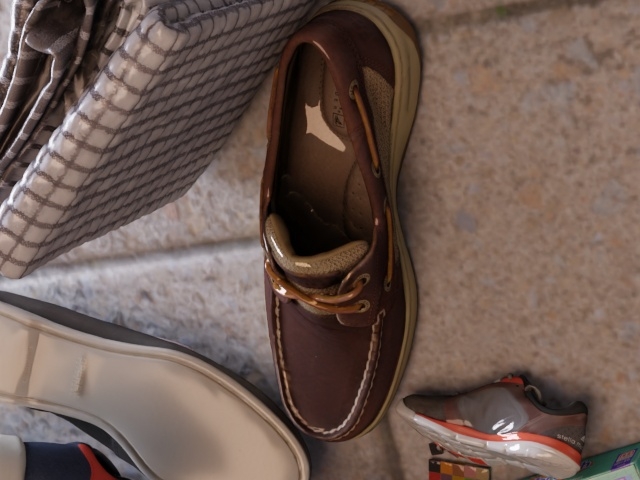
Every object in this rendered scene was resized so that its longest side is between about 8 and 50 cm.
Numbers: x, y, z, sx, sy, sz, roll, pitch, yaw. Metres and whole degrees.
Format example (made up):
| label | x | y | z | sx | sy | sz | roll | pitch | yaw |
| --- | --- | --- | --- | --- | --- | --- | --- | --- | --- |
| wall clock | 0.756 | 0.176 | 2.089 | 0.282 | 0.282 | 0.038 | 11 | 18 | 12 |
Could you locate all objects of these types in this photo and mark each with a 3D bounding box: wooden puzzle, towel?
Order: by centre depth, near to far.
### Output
| label | x | y | z | sx | sy | sz | roll | pitch | yaw |
| --- | --- | --- | --- | --- | --- | --- | --- | --- | --- |
| towel | -0.137 | -0.113 | 1.348 | 0.121 | 0.283 | 0.235 | 41 | 119 | 9 |
| wooden puzzle | 0.107 | 0.192 | 1.498 | 0.049 | 0.006 | 0.083 | 7 | 110 | 23 |

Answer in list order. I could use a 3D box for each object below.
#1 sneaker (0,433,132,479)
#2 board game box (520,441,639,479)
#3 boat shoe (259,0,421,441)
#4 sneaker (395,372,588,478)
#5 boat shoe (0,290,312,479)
| label | x | y | z | sx | sy | sz | roll | pitch | yaw |
| --- | --- | --- | --- | --- | --- | --- | --- | --- | --- |
| sneaker | -0.218 | 0.220 | 1.535 | 0.148 | 0.350 | 0.131 | 12 | 83 | -13 |
| board game box | 0.210 | 0.269 | 1.449 | 0.160 | 0.047 | 0.210 | -21 | 98 | 27 |
| boat shoe | 0.000 | 0.000 | 1.413 | 0.123 | 0.123 | 0.342 | 15 | 113 | 21 |
| sneaker | 0.131 | 0.129 | 1.445 | 0.158 | 0.061 | 0.065 | 12 | 70 | 33 |
| boat shoe | -0.150 | 0.118 | 1.560 | 0.335 | 0.095 | 0.112 | 22 | 101 | 13 |
---
### Instructions for the task:
Each line from the one containing "Answer in list" through the end of the material should be restated word for word; leave out every line before it.

### Solution for this task:
Answer in list order. I could use a 3D box for each object below.
#1 sneaker (0,433,132,479)
#2 board game box (520,441,639,479)
#3 boat shoe (259,0,421,441)
#4 sneaker (395,372,588,478)
#5 boat shoe (0,290,312,479)
| label | x | y | z | sx | sy | sz | roll | pitch | yaw |
| --- | --- | --- | --- | --- | --- | --- | --- | --- | --- |
| sneaker | -0.218 | 0.220 | 1.535 | 0.148 | 0.350 | 0.131 | 12 | 83 | -13 |
| board game box | 0.210 | 0.269 | 1.449 | 0.160 | 0.047 | 0.210 | -21 | 98 | 27 |
| boat shoe | 0.000 | 0.000 | 1.413 | 0.123 | 0.123 | 0.342 | 15 | 113 | 21 |
| sneaker | 0.131 | 0.129 | 1.445 | 0.158 | 0.061 | 0.065 | 12 | 70 | 33 |
| boat shoe | -0.150 | 0.118 | 1.560 | 0.335 | 0.095 | 0.112 | 22 | 101 | 13 |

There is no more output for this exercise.